If you type “1031 tax exchange” into your internet search engine, you will quickly see that you have many options. You must notify your buyer and seller that you are going to perform a 1031 tax exchange because they have to sign off on the exchange. They are effectively acknowledging that you have empowered an intermediary to act on your behalf in these transactions. You typically make this notification in the purchase agreement so the buyer and seller are bound by law to cooperate. If you plan to execute a 1031 exchange, or think you might, be sure to add the appropriate language to any purchase agreement you enter into regarding the relinquished property and the replacement property. You have 45 days starting the day after you close on the sale of your relinquished property to identify its replacement.

If you don’t notify the intermediary of the replacement within this time, the 1031 exchange will fail and you will immediately trigger the transfer of your assets into your name and you will be responsible for any taxes that result from the sale. Further, you have 180 days starting the day after your closing on the relinquished property to close on its replacement. You can identify more than one replacement property. Certain rules apply if you identify more than three, so be sure to consult with your intermediary if you are considering identifying four or more properties. The exchange has to take place within a single tax year. You may be able to play some games with filing dates to make that work, so consult with your tax accountant if you are at risk.

Delayed exchange:

The most common type of 1031 exchange used is the delayed exchange. This is the type that I have discussed so far, where you sell the relinquished property first and then purchase the replacement property.

Simultaneous exchange:

For an exchange to be a simultaneous exchange, both closings must occur at the same moment – the closing for your sale and the closing for your purchase. Again, this satisfies the requirement that you have no actual or constructive receipt of the funds of the sale of the relinquished property before purchasing the replacement. At one time, this was how all exchanges were done, but today, simultaneous exchanges are rarely used.

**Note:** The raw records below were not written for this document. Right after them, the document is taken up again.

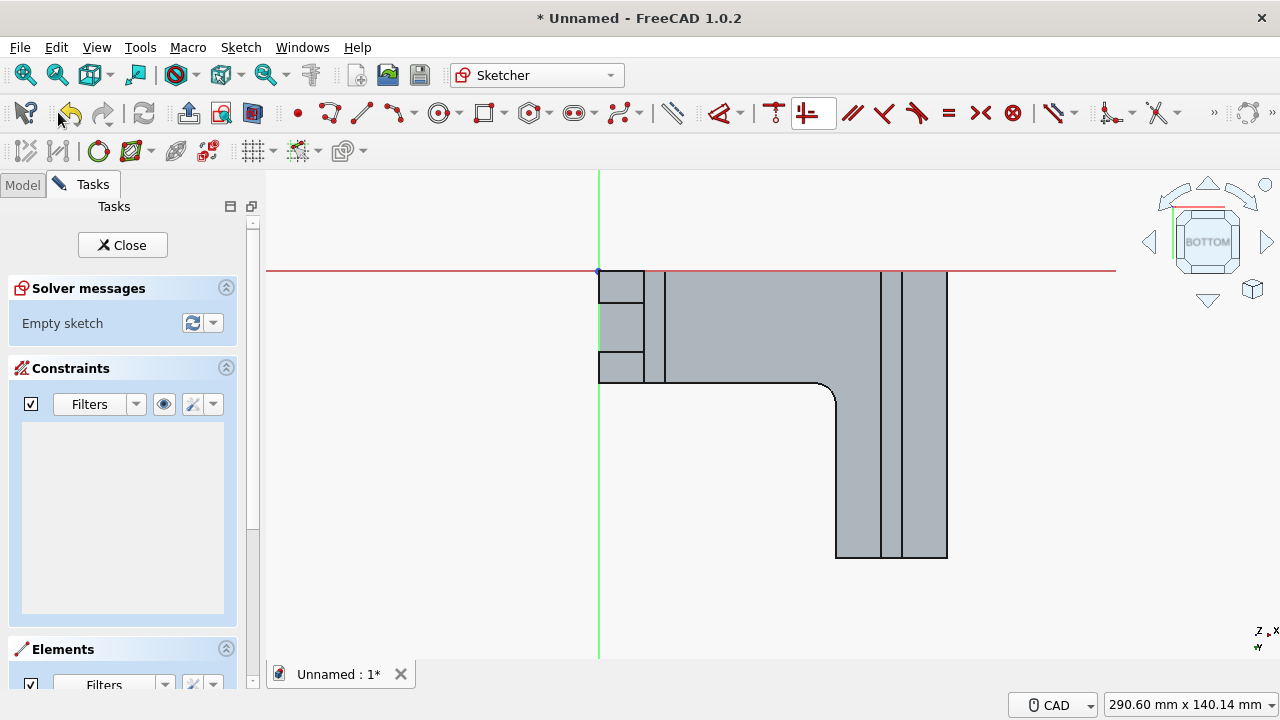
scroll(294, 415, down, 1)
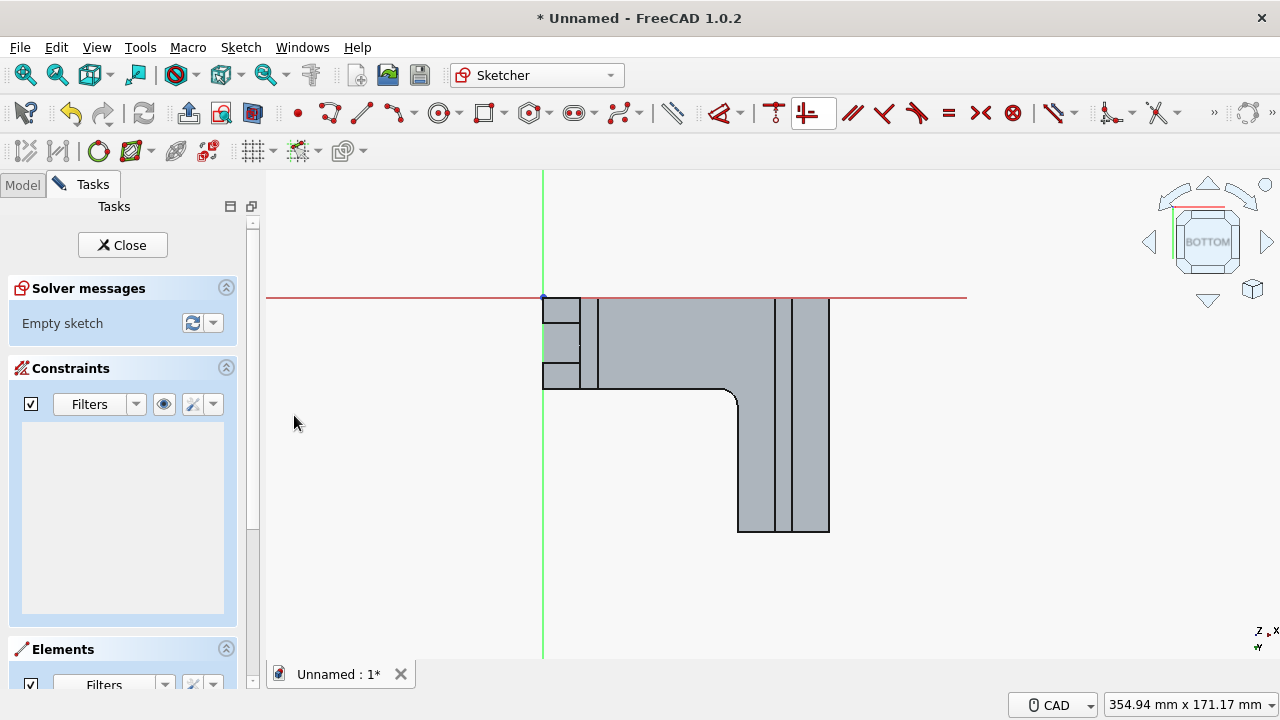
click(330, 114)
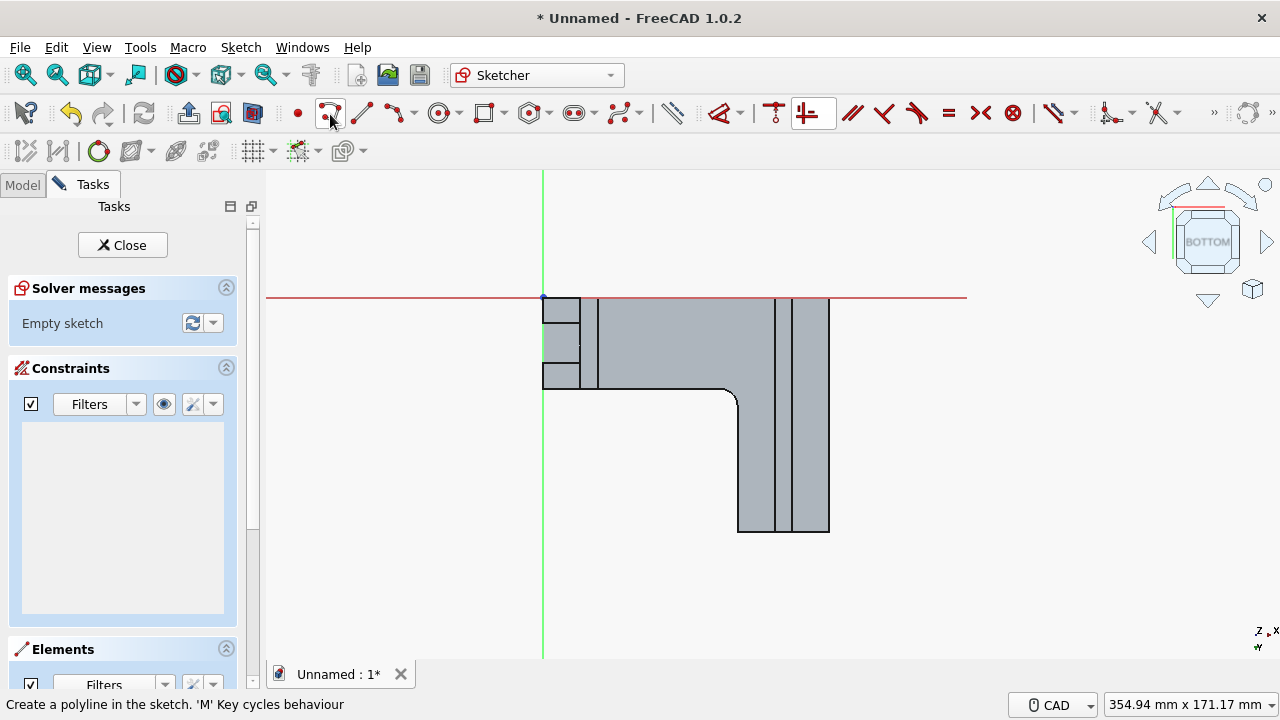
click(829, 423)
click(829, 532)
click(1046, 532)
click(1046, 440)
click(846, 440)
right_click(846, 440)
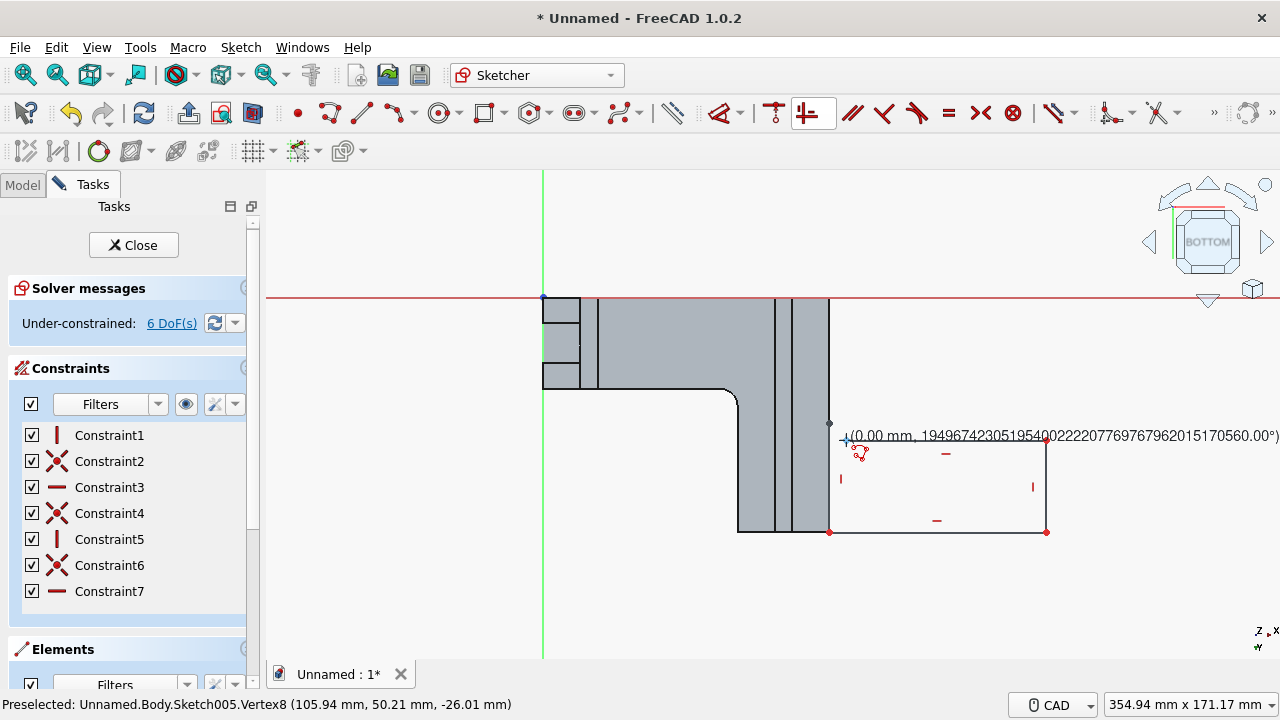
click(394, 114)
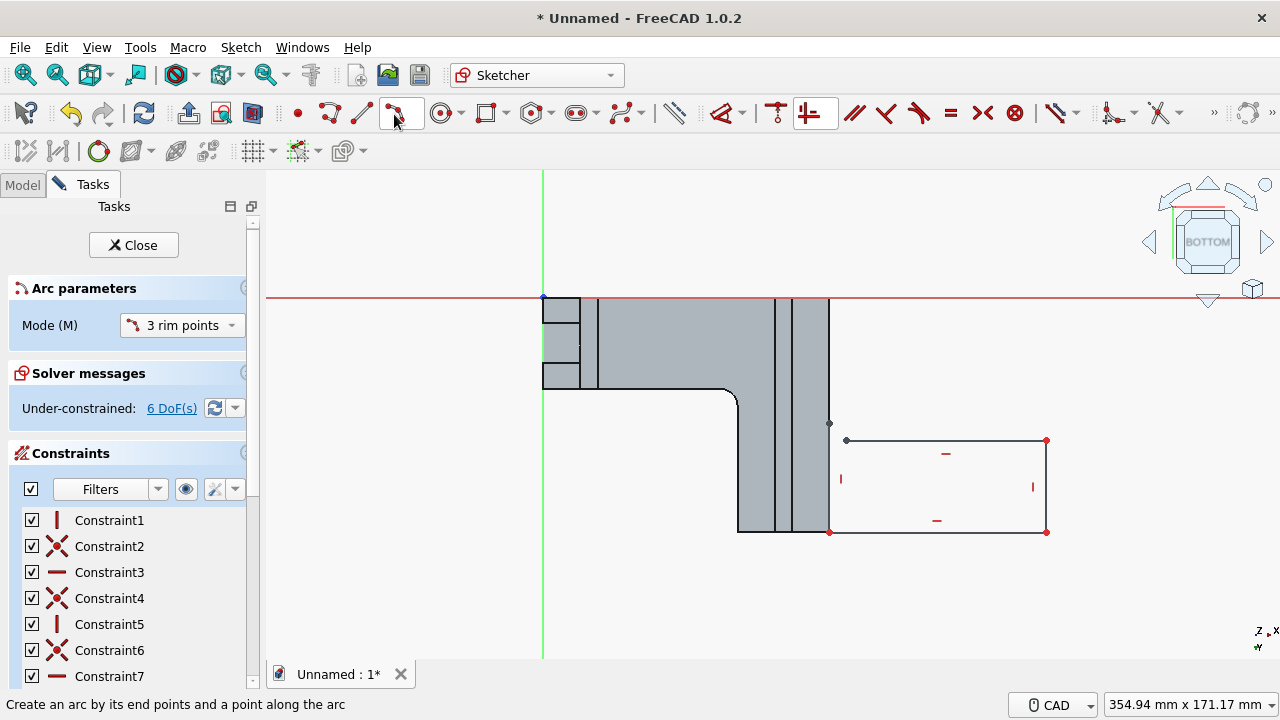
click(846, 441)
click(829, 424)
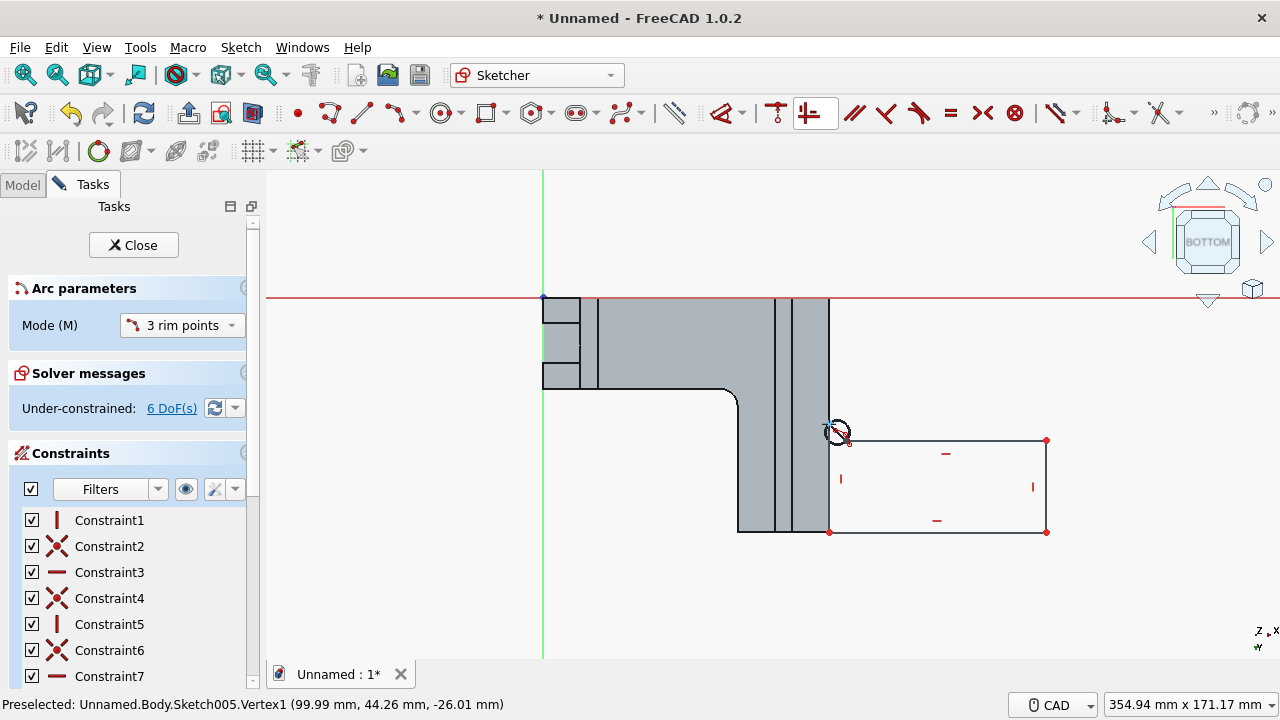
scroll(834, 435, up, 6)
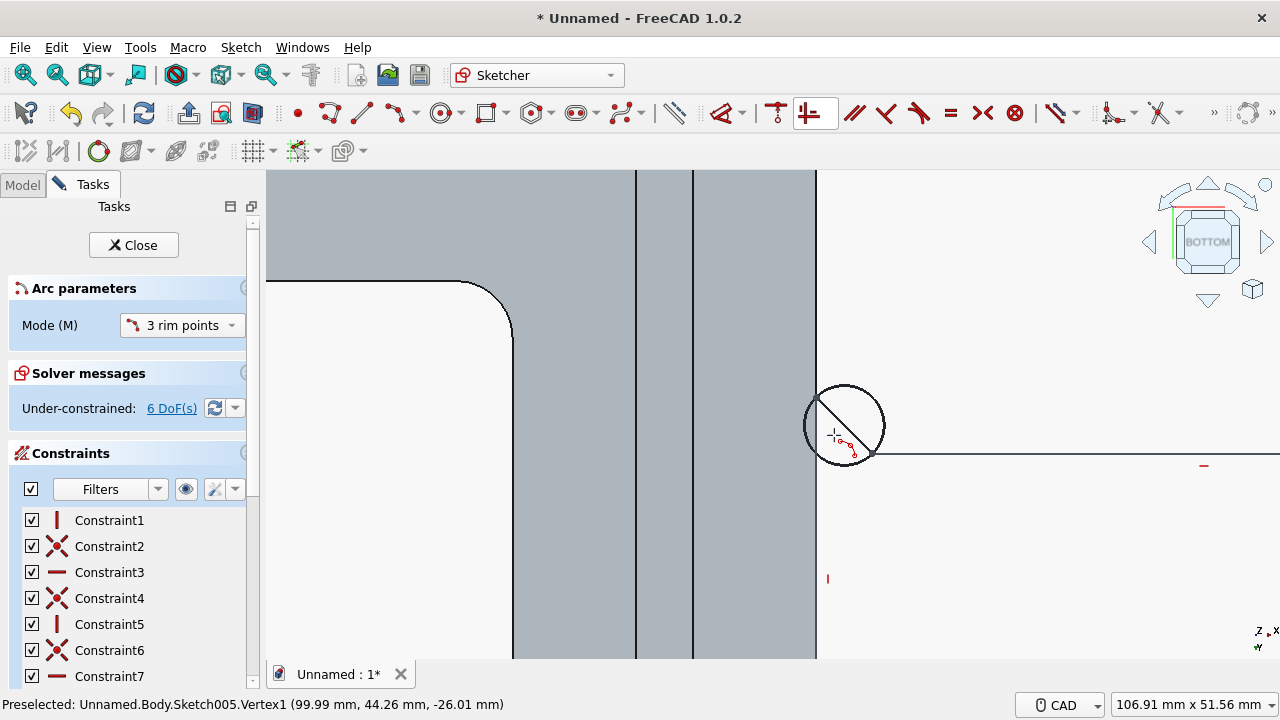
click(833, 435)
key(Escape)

Improvement exchange or construction exchange:

Construction exchanges permit you to make improvements on the replacement property before assuming ownership. To do this, the intermediary makes the improvements before signing the property over to you. For example, suppose you sell a parcel of land near the city worth $300,000. Your goal is to use the proceeds to buy a piece of hunting land and put a cabin on it. You can defer all the capital gains taxes on your sale as long as the replacement property, plus the improvements (the cabin), are worth at least $300,000.

Reverse exchange:

Reverse exchanges are the most complex. In this scenario, you buy the replacement property before relinquishing the original property. Again, you can’t hold title to both at the same time. An Exchange Accommodation Titleholder makes the purchase and holds the title of the replacement property on your behalf and this starts the clock ticking. You have 45 days from that closing to identify the relinquished property and 180 days to close the sale of the relinquished property. Obviously, identifying the relinquished property is easy, but closing it in 180 days may not be so easy unless you already have a buyer on the hook.

Partial exchange:

You don’t have to use every dollar of the proceeds from the sale of your relinquished property to purchase a replacement property. If you use only a portion, the taxable gains are pro-rated accordingly. If you perform a partial exchange, the amount of money remaining after the replacement property is purchased is called cash boot. When performing an exchange where the relinquished property is under mortgage, you still have to replace the entire sale price of the relinquished property (not just your equity) or the IRS will treat it as a partial exchange. You can replace the debt with cash or new debt to defer all capital gains taxes. However, if you don’t, you will have what is called mortgage boot, which will incur a tax liability.

The 1031 tax exchange is a powerful tool for those looking to upgrade to their dream hunting land, which should be a big part of your long-term strategy.